Inez Aguinaldo took her seat. “Cranky Randy this morning.”
“It’s my default setting. You’ll get used to it.”
“Let’s get into Fred Lobbrecht,” said Heat. “Inez, you covered the accident report, right?”
“Yes. I made friends with a clerk at the DMV in Albany who overnighted a photocopy of the MV-104 and Trooper Lobbrecht’s notes, diagrams, and photo documentation of the scene.”

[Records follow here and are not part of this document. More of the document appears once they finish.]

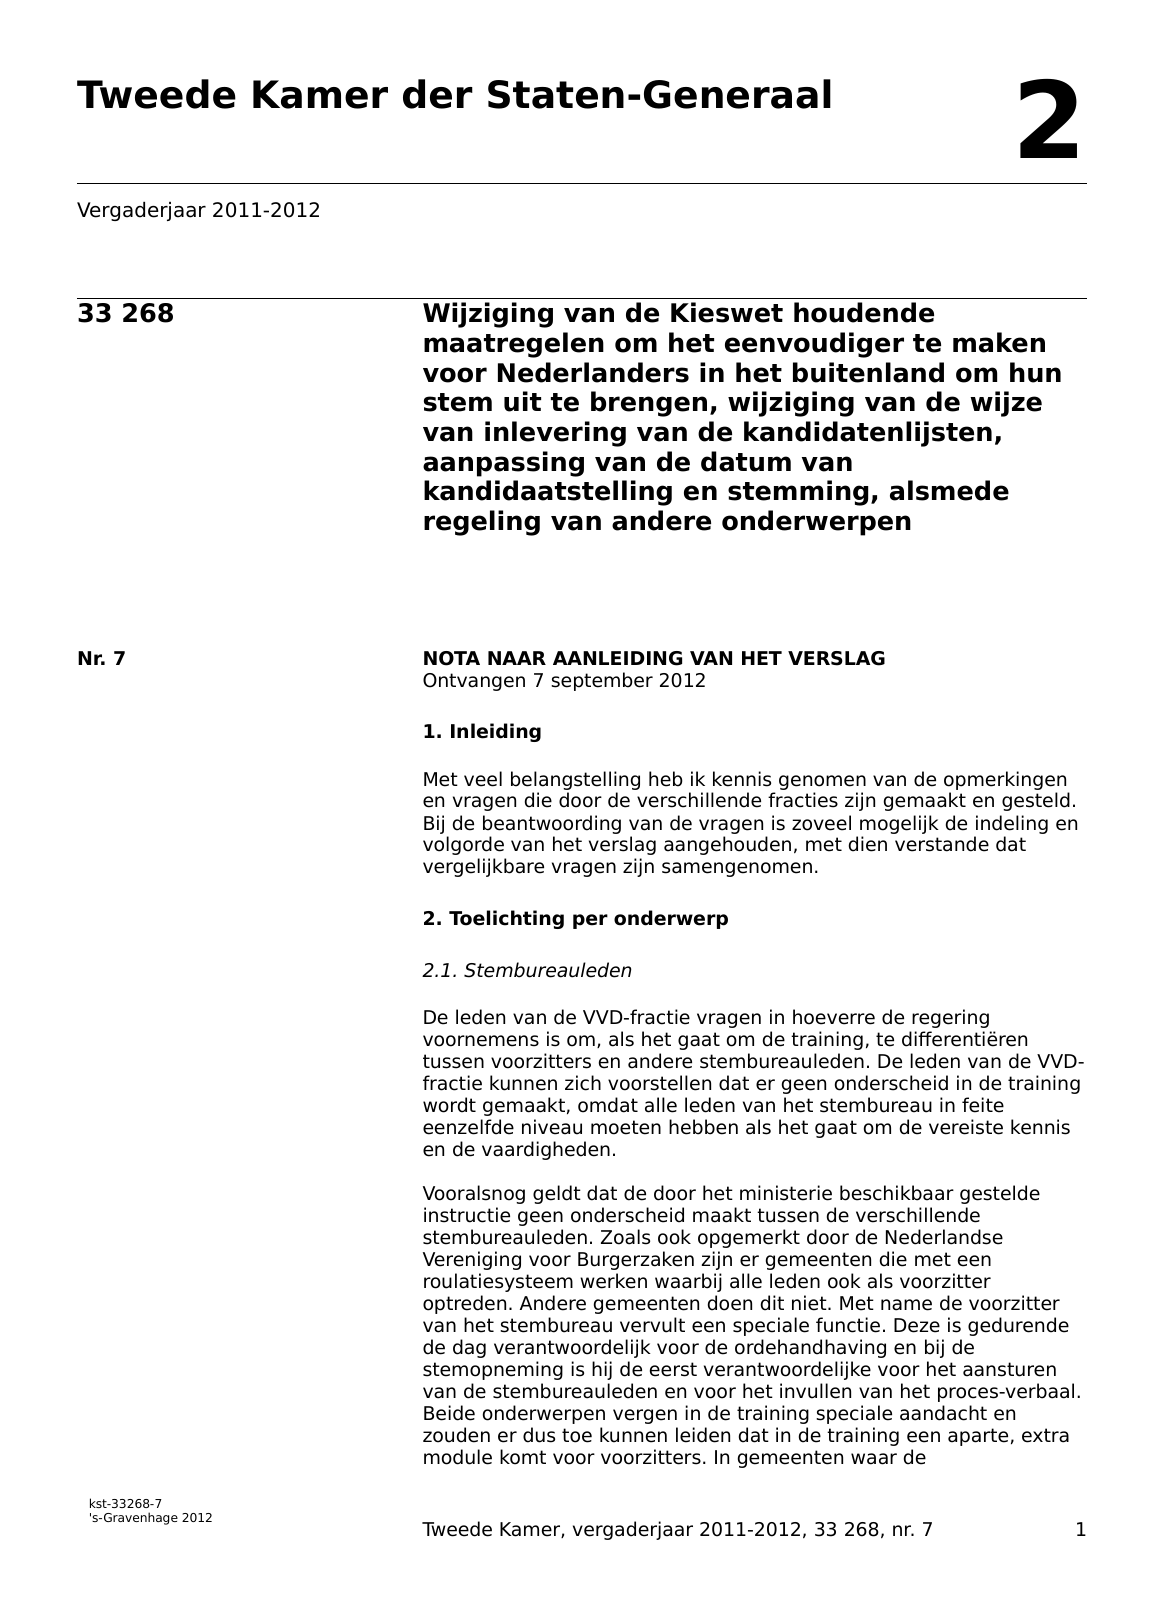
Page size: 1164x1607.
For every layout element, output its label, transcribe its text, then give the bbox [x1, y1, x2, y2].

table_header 2 [886, 59, 1087, 183]
text kst-33268-7 [88, 1497, 323, 1511]
subtitle 2.1. Stembureauleden [422, 960, 1087, 982]
table_header Tweede Kamer der Staten-Generaal [77, 59, 886, 183]
subtitle 1. Inleiding [422, 721, 1087, 743]
text Vooralsnog geldt dat de door het ministerie beschikbaar gestelde instructie geen onderscheid maakt tussen de verschillende stembureauleden. Zoals ook opgemerkt door de Nederlandse Vereniging voor Burgerzaken zijn er gemeenten die met een roulatiesysteem werken waarbij alle leden ook als voorzitter optreden. Andere gemeenten doen dit niet. Met name de voorzitter van het stembureau vervult een speciale functie. Deze is gedurende de dag verantwoordelijk voor de ordehandhaving en bij de stemopneming is hij de eerst verantwoordelijke voor het aansturen van de stembureauleden en voor het invullen van het proces-verbaal. Beide onderwerpen vergen in de training speciale aandacht en zouden er dus toe kunnen leiden dat in de training een aparte, extra module komt voor voorzitters. In gemeenten waar de [422, 1183, 1087, 1469]
table_cell Vergaderjaar 2011-2012 [77, 184, 1087, 298]
subtitle 2. Toelichting per onderwerp [422, 908, 1087, 930]
text 's-Gravenhage 2012 [88, 1511, 323, 1525]
subtitle Nr. 7 NOTA NAAR AANLEIDING VAN HET VERSLAG [77, 647, 1087, 669]
text Met veel belangstelling heb ik kennis genomen van de opmerkingen en vragen die door de verschillende fracties zijn gemaakt en gesteld. Bij de beantwoording van de vragen is zoveel mogelijk de indeling en volgorde van het verslag aangehouden, met dien verstande dat vergelijkbare vragen zijn samengenomen. [422, 768, 1087, 878]
subtitle 33 268 Wijziging van de Kieswet houdende maatregelen om het eenvoudiger te maken voor Nederlanders in het buitenland om hun stem uit te brengen, wijziging van de wijze van inlevering van de kandidatenlijsten, aanpassing van de datum van kandidaatstelling en stemming, alsmede regeling van andere onderwerpen [77, 299, 1087, 536]
text Ontvangen 7 september 2012 [422, 669, 1087, 691]
text De leden van de VVD-fractie vragen in hoeverre de regering voornemens is om, als het gaat om de training, te differentiëren tussen voorzitters en andere stembureauleden. De leden van de VVD-fractie kunnen zich voorstellen dat er geen onderscheid in de training wordt gemaakt, omdat alle leden van het stembureau in feite eenzelfde niveau moeten hebben als het gaat om de vereiste kennis en de vaardigheden. [422, 1007, 1087, 1161]

The detective moved to the side of the room and brought up front a bulletin board on which she had posted enlargements for the meeting. “I’ll walk you through a couple of items of note.
First, this accident scene didn’t fall in Trooper Lobbrecht’s jurisdiction, which was Troop NYC, posted in Richmond County which, as you know, is Staten Island, a long way from
Peekskill. When he called in the crash, he said he happened to be in transit on that road and observed the victim’s car smashed into the tree.”